A hot flush of embarrassment and confusion appeared on the crewman's face. "I'm sorry," he started to say. The small woman was attractive if you ignored the faint scarring on the left side of her face. Actually, she was more than that. She was a knockout.

"Don't be," Nadia said in her flat voice. "I don't want your fucking pity." She rose from the bench, grabbed her kitbag and headed for the launch bay.

The transfer down to the station was smooth, as though the crew had done it hundreds of times before, although that was impossible. There were only a dozen or so people in the hold of the shuttle - the rest of the space was occupied by pallets of stores. Mostly food she expected, if you could call the gloop that came in the pouches food. At least she wasn't going to have trouble with weight gain, not on Pandora.

Some gung-ho military type was yelling something about exo-packs. She had closely studied all the briefing materials, so whatever he was saying might as well been 'Baa-baa Black Sheep', for all the extra knowledge content he was trying to convey – at least to her. Nadia picked up her exo-pack, checked the status of the filters and slipped it over her head, feeling the pressure differential against her face when she activated the seal. Unlike everyone else, she had a final step to her procedure – inserting her earplugs. The absence of her eardrums would otherwise allow Pandoran atmosphere to seep slowly and poisonously into her lungs.

Nadia felt a little frisson of excitement as she felt the shuttle slow and drop gently to the ground. The ramp almost immediately started to drop, and she saw the alien atmosphere swirl into the cargo bay of the shuttle.

The grunt yelled at them to move, so she ran after the leaders towards a group of buildings into an airlock. The late arrivals were hustled to what looked like the mess hall, where some tin-pot king of briefing had started droning on. Much to her surprise there was some guy on a wheelchair at the back of the space. So she wasn't the only 'special needs' person here.

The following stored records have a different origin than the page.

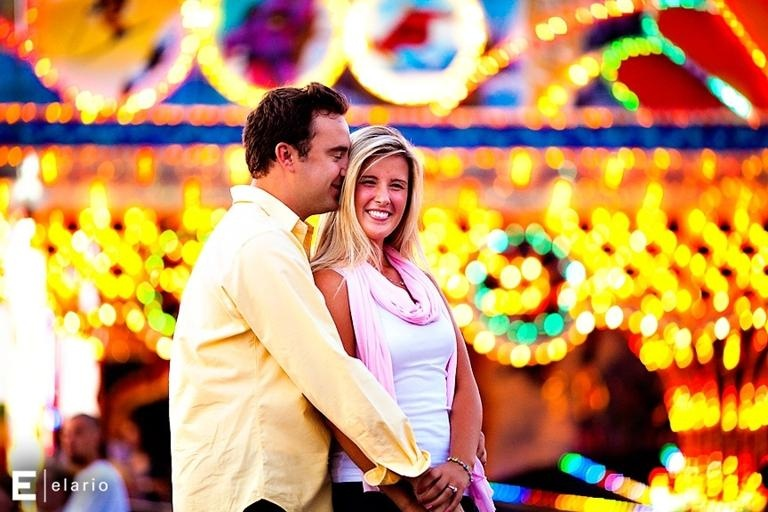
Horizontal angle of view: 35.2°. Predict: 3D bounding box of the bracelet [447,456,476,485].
[{"bbox_3d":[0.392,1.055,5.986,0.036,0.134,0.101,-59,-8,26],"label":"bracelet"}]
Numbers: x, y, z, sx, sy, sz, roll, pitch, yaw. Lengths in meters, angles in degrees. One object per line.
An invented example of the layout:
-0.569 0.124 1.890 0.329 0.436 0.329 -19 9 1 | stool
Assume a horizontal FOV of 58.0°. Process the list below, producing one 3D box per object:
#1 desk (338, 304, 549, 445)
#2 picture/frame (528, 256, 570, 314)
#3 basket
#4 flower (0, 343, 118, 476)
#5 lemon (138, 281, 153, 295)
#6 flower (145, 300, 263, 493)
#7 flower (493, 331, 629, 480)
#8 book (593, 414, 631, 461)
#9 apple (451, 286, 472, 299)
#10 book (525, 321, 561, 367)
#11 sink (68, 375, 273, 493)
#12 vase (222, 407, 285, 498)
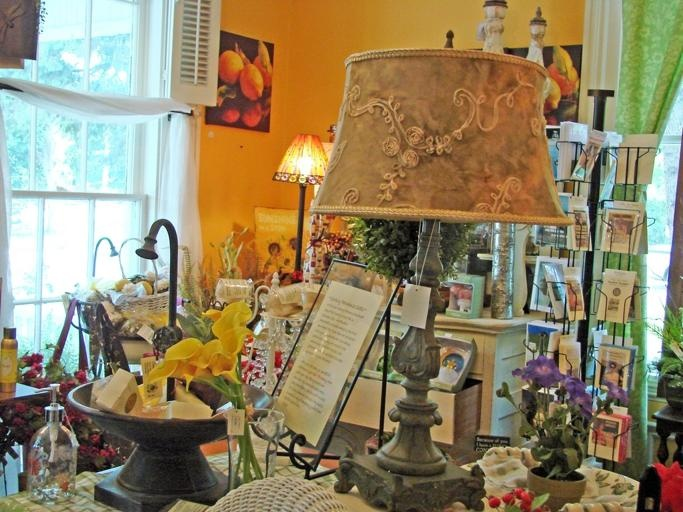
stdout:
0.472 0.571 2.873 0.915 0.921 0.371 4 10 9 | desk
1.159 0.155 3.430 0.127 0.383 0.371 3 -1 11 | picture/frame
-1.336 0.127 3.977 0.595 0.550 0.445 -3 -2 44 | basket
-1.630 0.828 3.510 0.498 0.250 0.753 2 14 -30 | flower
-1.223 0.197 3.876 0.041 0.079 0.077 -28 2 0 | lemon
-0.383 0.358 1.720 0.302 0.493 0.327 0 4 -18 | flower
0.643 0.520 1.877 0.341 0.365 0.297 12 -4 2 | flower
1.392 0.934 3.221 0.145 0.231 0.181 6 -3 -42 | book
0.794 0.231 4.060 0.073 0.037 0.106 6 6 32 | apple
1.089 0.496 3.412 0.162 0.234 0.082 7 -9 1 | book
-0.528 0.586 1.865 0.530 0.279 0.555 6 -9 -4 | sink
-0.269 0.509 1.704 0.129 0.220 0.137 0 3 -8 | vase
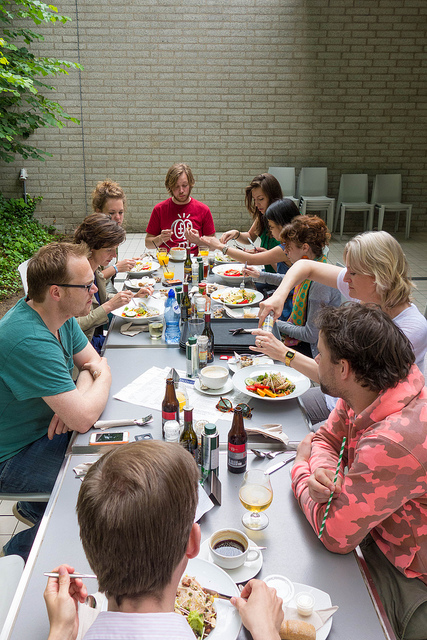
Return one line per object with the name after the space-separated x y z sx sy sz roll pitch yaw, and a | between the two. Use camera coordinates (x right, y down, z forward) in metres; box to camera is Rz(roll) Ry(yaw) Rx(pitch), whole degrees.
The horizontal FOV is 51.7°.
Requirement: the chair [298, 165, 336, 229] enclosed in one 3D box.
1.722 -1.939 7.391 0.655 0.989 0.608 -15 11 -6 | chair

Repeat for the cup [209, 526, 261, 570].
0.052 0.536 1.032 0.098 0.044 0.075 12 25 3 | cup

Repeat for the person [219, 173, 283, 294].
0.416 -0.693 4.180 0.738 1.265 0.510 -8 15 -14 | person

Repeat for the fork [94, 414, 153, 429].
-0.322 0.363 1.578 0.172 0.043 0.031 -2 19 -4 | fork

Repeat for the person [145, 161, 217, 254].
-0.332 -0.897 4.289 0.730 1.117 0.628 2 25 0 | person

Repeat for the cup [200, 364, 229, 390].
0.005 0.226 1.810 0.092 0.058 0.100 1 18 0 | cup

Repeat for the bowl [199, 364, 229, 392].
0.006 0.229 1.826 0.096 0.063 0.104 1 16 0 | bowl

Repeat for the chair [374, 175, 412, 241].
2.984 -1.889 7.409 0.628 0.970 0.634 -6 26 -10 | chair

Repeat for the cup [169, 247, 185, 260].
-0.316 -0.594 3.877 0.112 0.071 0.112 2 26 -1 | cup

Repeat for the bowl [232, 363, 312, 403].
0.228 0.254 1.818 0.191 0.049 0.188 0 23 0 | bowl

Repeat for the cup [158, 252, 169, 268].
-0.373 -0.467 3.478 0.102 0.112 0.101 -1 10 0 | cup

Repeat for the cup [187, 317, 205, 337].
-0.083 0.029 2.136 0.083 0.092 0.082 -1 15 0 | cup

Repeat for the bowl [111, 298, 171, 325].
-0.436 -0.055 2.628 0.232 0.048 0.230 -1 25 0 | bowl
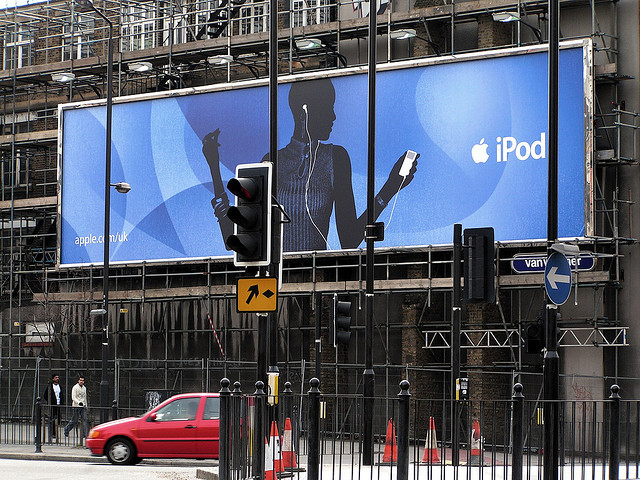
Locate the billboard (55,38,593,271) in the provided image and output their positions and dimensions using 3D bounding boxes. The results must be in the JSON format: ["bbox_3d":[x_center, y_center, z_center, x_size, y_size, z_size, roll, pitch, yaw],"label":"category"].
[{"bbox_3d":[-0.538,-2.531,57.324,19.891,7.332,0.282,-4,-15,15],"label":"billboard"}]

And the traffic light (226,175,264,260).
[{"bbox_3d":[-1.720,-0.493,37.998,0.695,2.236,0.807,0,0,22],"label":"traffic light"}]

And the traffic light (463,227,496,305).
[{"bbox_3d":[4.304,0.706,43.076,0.922,2.077,0.654,-4,-7,21],"label":"traffic light"}]

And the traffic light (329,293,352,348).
[{"bbox_3d":[0.617,2.459,47.008,0.823,1.536,0.836,-7,13,-35],"label":"traffic light"}]

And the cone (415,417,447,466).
[{"bbox_3d":[3.048,5.450,42.783,1.125,1.700,1.174,1,-9,-5],"label":"cone"}]

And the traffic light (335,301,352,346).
[{"bbox_3d":[0.698,2.438,46.892,0.494,1.254,0.593,-1,-7,-4],"label":"traffic light"}]
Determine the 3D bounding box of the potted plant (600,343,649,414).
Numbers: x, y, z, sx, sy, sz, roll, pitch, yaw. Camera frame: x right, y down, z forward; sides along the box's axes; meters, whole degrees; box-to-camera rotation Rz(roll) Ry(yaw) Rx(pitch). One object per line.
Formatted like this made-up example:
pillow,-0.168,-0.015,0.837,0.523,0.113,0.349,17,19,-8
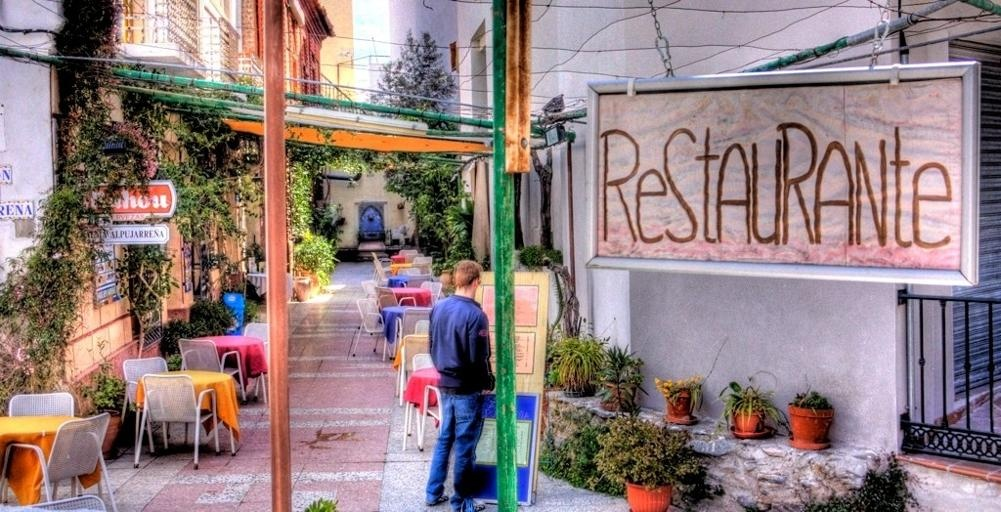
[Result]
potted plant,2.008,1.933,13.665,0.775,0.970,0.708,-13,4,-16

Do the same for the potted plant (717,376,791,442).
potted plant,3.725,2.223,12.435,0.986,0.678,0.941,-1,4,7

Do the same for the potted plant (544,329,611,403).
potted plant,1.327,1.830,14.113,0.977,0.773,0.948,2,-5,1

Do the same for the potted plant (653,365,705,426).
potted plant,2.799,2.228,13.075,0.695,0.611,0.635,-1,-4,5

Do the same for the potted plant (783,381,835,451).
potted plant,4.538,2.373,12.188,0.666,0.675,0.687,-2,-7,43
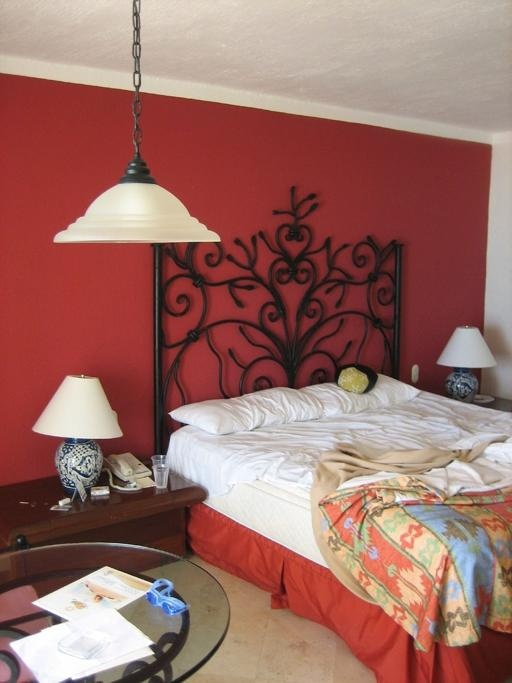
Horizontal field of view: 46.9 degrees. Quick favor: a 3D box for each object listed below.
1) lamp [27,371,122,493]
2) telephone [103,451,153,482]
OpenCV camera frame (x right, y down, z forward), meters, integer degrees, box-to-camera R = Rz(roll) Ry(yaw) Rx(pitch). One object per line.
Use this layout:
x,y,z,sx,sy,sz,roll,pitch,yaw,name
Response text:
-0.798,0.406,2.873,0.534,0.661,0.507,3,4,-15,lamp
-0.631,0.609,2.884,0.123,0.047,0.168,5,15,-40,telephone
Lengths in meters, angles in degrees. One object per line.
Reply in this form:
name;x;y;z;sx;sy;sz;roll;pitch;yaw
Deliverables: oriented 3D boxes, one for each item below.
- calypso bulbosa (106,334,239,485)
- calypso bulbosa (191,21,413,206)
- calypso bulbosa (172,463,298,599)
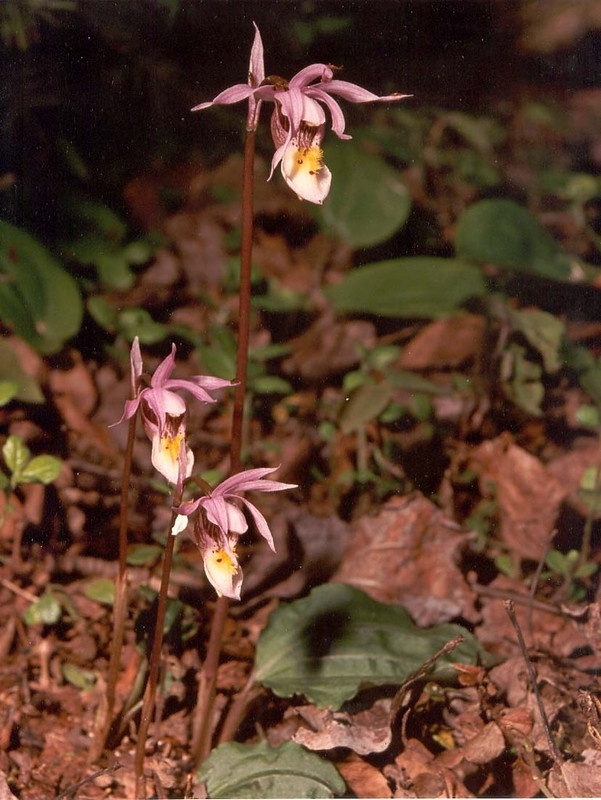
calypso bulbosa;-0.153;0.002;1.003;0.157;0.096;0.191;2;42;-23
calypso bulbosa;-0.019;-0.331;0.986;0.159;0.173;0.163;-20;34;-30
calypso bulbosa;-0.082;0.155;0.993;0.152;0.145;0.117;-11;-5;41

She whipped out her PDA and tapped on the speech transliteration function. The military type was crapping on about how dangerous Pandora was – natives and wildlife, and how many of them would die if they didn't follow the rules.

Nadia sighed. The sooner this was done, the sooner she could check out her Avatar.

First Act

"Is this turning into some employment opportunity scheme for the handicapped?" snarled Doctor Augustine. "First the crippled jarhead, and now you!"

Nadia snarled back, "Under the Anti-discrimination Act of 2129, RDA is obliged to give employment preference to citizens with 'special needs', as long as they meet all other requirements of a position, Dr Augustine. I have a Ph.D. in cultural anthropology, and have passed every requirement of the Avatar program to get here. So unless you want the RDA to be hit with the maximum fine and the resultant bad publicity back on Earth, I suggest you shut the fuck up and let me clock up some time in my Avatar."

The tall scientist towered over her by almost twelve inches. She reddened and clenched her fists, her eyes gleaming with anger. To Nadia's amusement, Dr Augustine's lips moved – she was counting to ten.

"Would you like to use your fingers as well?" asked Nadia flatly. "It might make it easier for you."

"Jesus fuck!" swore the head of the Avatar program. "You're an arrogant little bitch, aren't you?"

"I just expect to be treated with respect, Dr Augustine," said Nadia in her expressionless voice. "I've spent twelve years training for this."

"Well," said the head of the Avatar program. "You've wasted your time. The Na'vi would rather kill us than talk to us, so any chance of you conducting field trips with your hundred-million dollar Avatar is out of the question."

"What?" exclaimed Nadia.

Her nominal boss lit a cigarette and took a drag. At least she had the courtesy not to blow it in Nadia's face. "Three years ago while you were in cryo, there was an incident at the Omaticaya school. Half the children there were killed by RDA troops, including the oldest daughter of their chieftain. The Na'vi have refused to talk to us ever since."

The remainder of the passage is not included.